Correct grain size is crucial to material microstructure and in obtaining correct physical and mechanical characteristics for a wide range of materials such as metals, plastics, mineral and composites in the engineering, construction, medical device, semiconductor/electronic and many other sectors. Fine grained steels, for example, provide strength while coarse grained steels are more easily machined. The analysis of grain size is used as a quality control tool to ensure that materials are manufactured to specification and are fit for purpose. Grain size analysis is also used diagnostically to understand material failures in research and development settings and in on-going quality control. The process of grain analysis in quality control must be performed to established standards available from organizations such as ASTM and JIS.

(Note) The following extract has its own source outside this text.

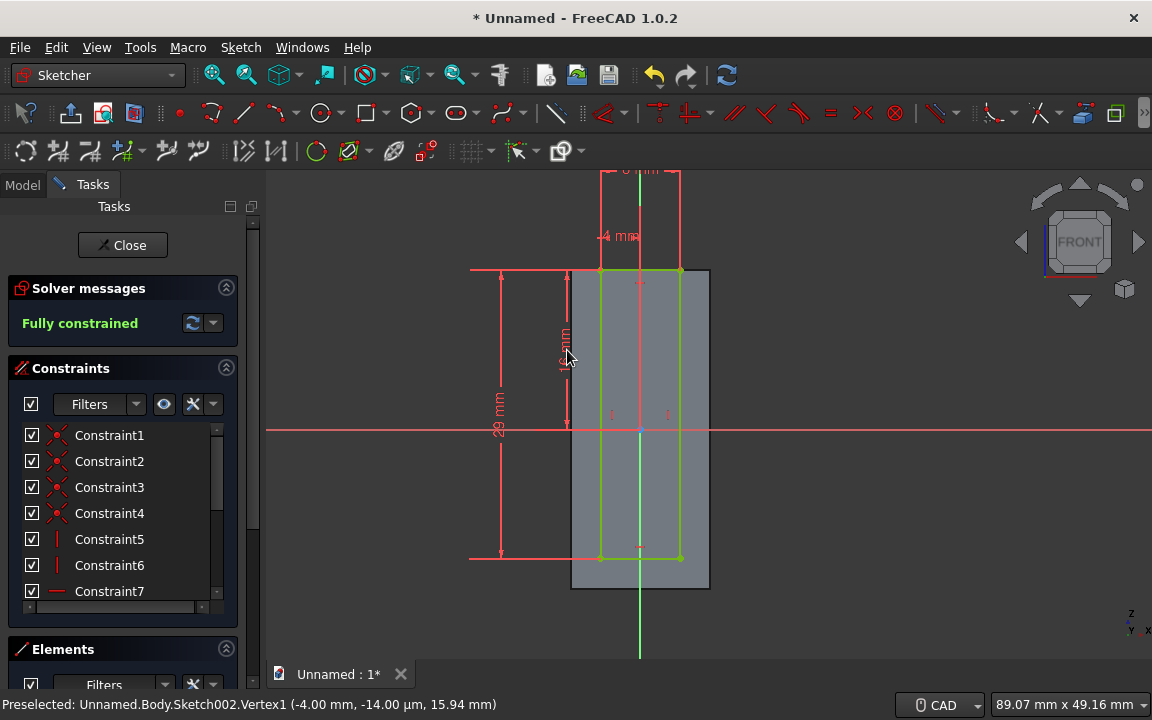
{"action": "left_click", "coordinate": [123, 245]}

Microscopic analysis of grain size is usually performed on a sample cross section. Grain boundaries can be revealed by manipulating light, color and contrast during imaging and / or by pre-etching the sample. Even in samples with a uniform grain size, apparent grain size and shape may vary depending on where each grain has been cut (oblique cutting, for example, results in a grain with an elongated appearance). Microscopic examination is usually accompanied by image analysis with appropriate software (such as NIS Elements Metallo module) that automatically measures the number and size distribution in a given area to calculate the grain size. Several measurement methods are commonly used, such as 'planimetric', 'linear', 'circular' or 'Abrams'. Automated imaging and image analysis can greatly accelerate grain analysis in quality control applications.
Important microscopy techniques in grain size analysis (depending on the material examined) include brightfield, darkfield polarized light, epi-fluorescence, reflected light microscopy and interference contrast techniques.